Mind your own business said...

I would look at the solar panel-powered fence charger setups that are used in ag and small scale livestock. Those usually have panels, batteries, and auxiliary hardware. The systems are typically small, robust, and portable.

My first stop would be to see what Gallagher or Premier1 are offering.

Anonymous said...

Make sure you have lots of sun even in the winter. I have 5 panels 200w ea like those used on campers. April and May are my best months otherwise trees and a low sun cut production. I save about $75 a mo on my electric bill those months. I have a Bluetti 2k watt battery. Set up was super easy.

Stan_qaz said...

Theses folks helped me design our RV's solar setup, good folks, good prices and very easy to work with. If nothing else grab their free catalog and design guide.

Do you want 120 volt AC power?
Do you just want to charge batteries?
How many volts in each string?

Reliable AC power from panels really requires a battery bank and inverter. Maybe an inverter/charger if power is coming and going.

Battery banks need a charge controller, a basic one will work but a MPPT (tracking) one will get more charge out of your panels.

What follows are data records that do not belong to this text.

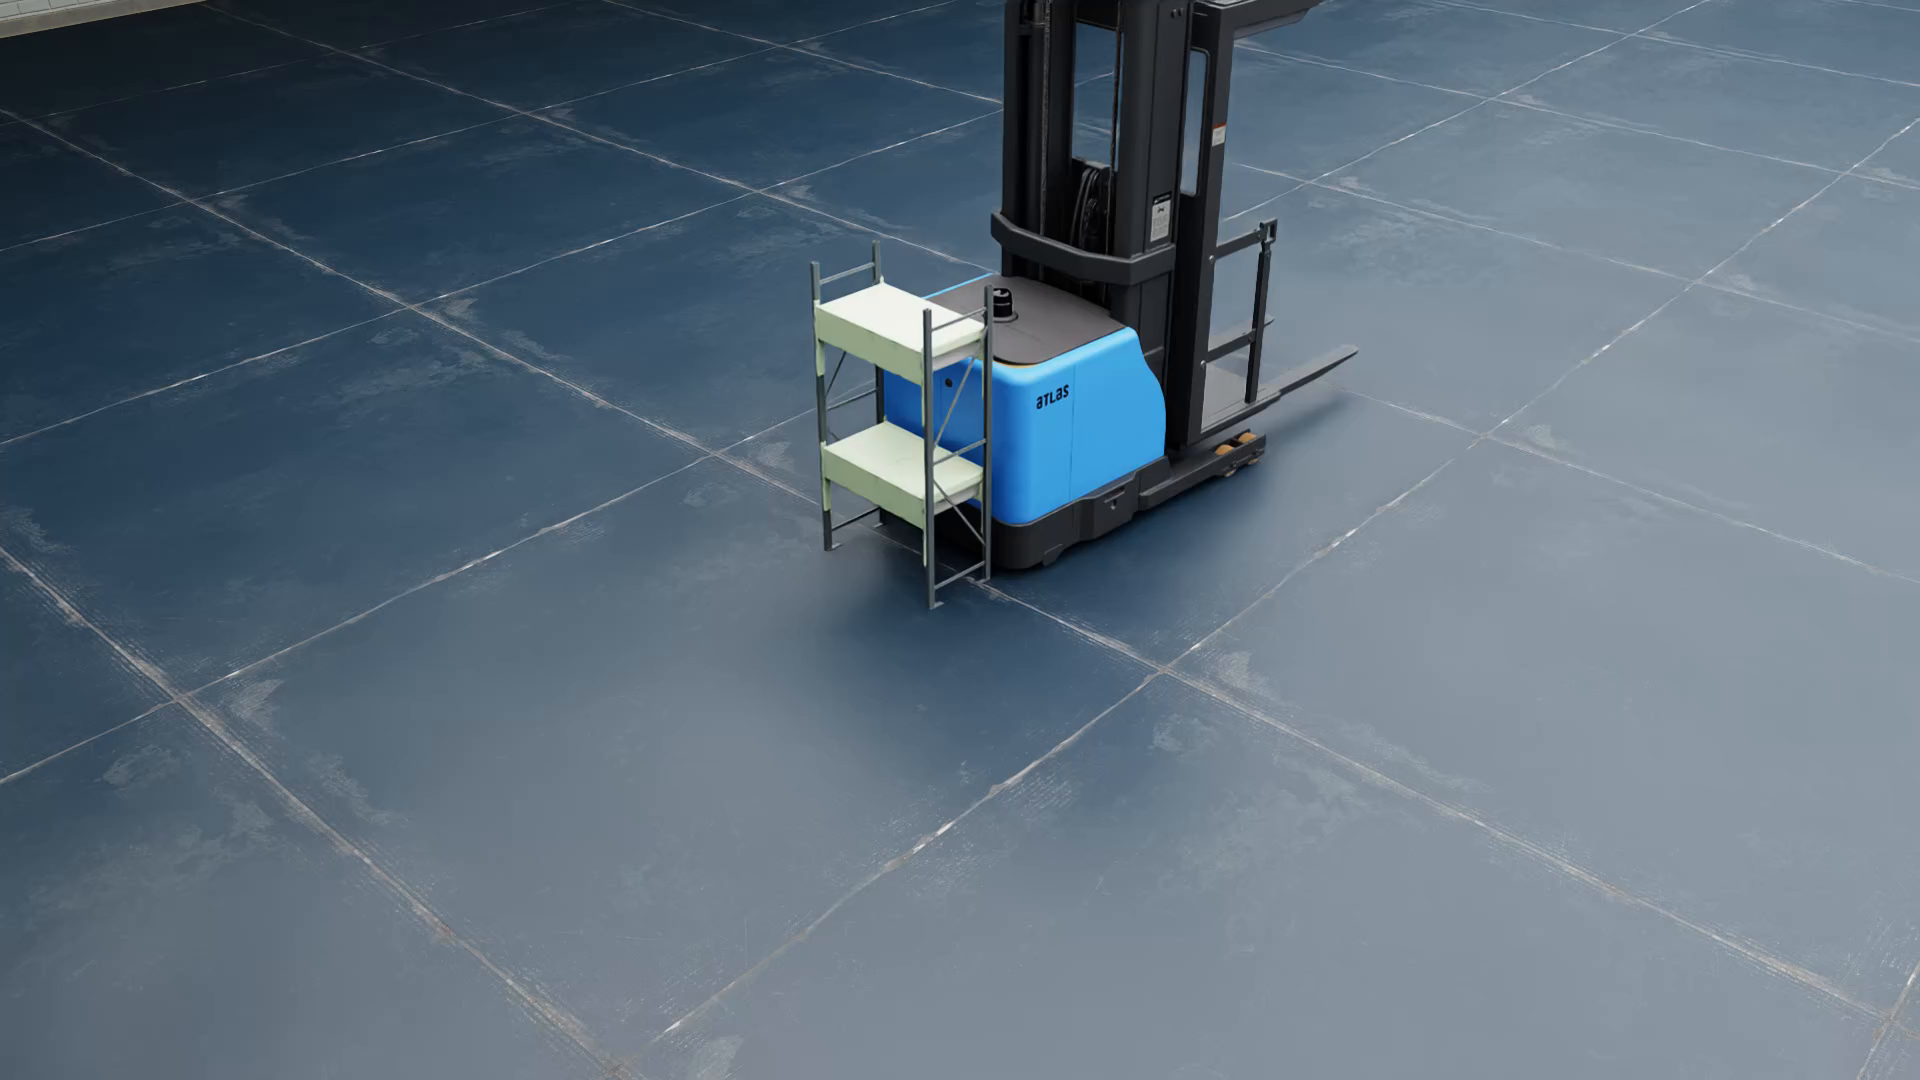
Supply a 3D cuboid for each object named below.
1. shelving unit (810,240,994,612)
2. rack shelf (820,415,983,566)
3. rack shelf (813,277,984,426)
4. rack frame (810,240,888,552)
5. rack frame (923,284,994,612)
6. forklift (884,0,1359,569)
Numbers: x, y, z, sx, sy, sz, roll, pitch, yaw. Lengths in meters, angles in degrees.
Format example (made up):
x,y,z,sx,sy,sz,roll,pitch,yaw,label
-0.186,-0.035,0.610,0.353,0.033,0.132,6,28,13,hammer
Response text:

For portable I'd avoid any glass panels, they are too easy to break if flexed and not repairable. Backwoods has a selection of mounts that might work for you.

Anonymous said...

Basically, I think the fundamental concerns to focus on are getting them from a a company that has been around for a while and looks like it is going to be around for a while longer. A problem a lot of people seem to get into is that the Chinese suppliers appear and then vanish after a few years, and so parts are not available for repairs in 5 or 10 years when you start to need them. Further there are a lot of installer who were roofers last summer and will be roofers again next summer, after installing the panels on "your" roof taught them it's more complicated than they thought. You want a company with experienced installers who will warranty their work.

You'll probably pay a bit more up front, but I believe it'll make you happier in 10 years.

Divemedic said...

I recently did a lengthy series on that subject, and although my aim was a whole house setup, there is some good information there.

RCPete said...

I've done solar systems in the past, but a lot of my information is out of date. The last system (3.6Kw; 12 panels, Trojan golf cart batteries, and an Outback Power module for charge controller/inverter) was completed 2019, and things have changed a lot.

Not sure if any US vendors are still making panels. I got my last batch of US made panels from Platt Electric, and they were at a closeout price. An earlier system used Kyocera panels from Japan (circa 2016), but they didn't show up 3 years later. Back in 2000, Siemans did panels...

An outfit that sells systems as well as the modules and small bits and pieces is in northern Arizona. I've used them since 2000 with success. Not always the cheapest, but good service and I've been happy with my (careful) selections. Now called NAZ Solar Electric. (was N. AZ Wind and Sun previously.)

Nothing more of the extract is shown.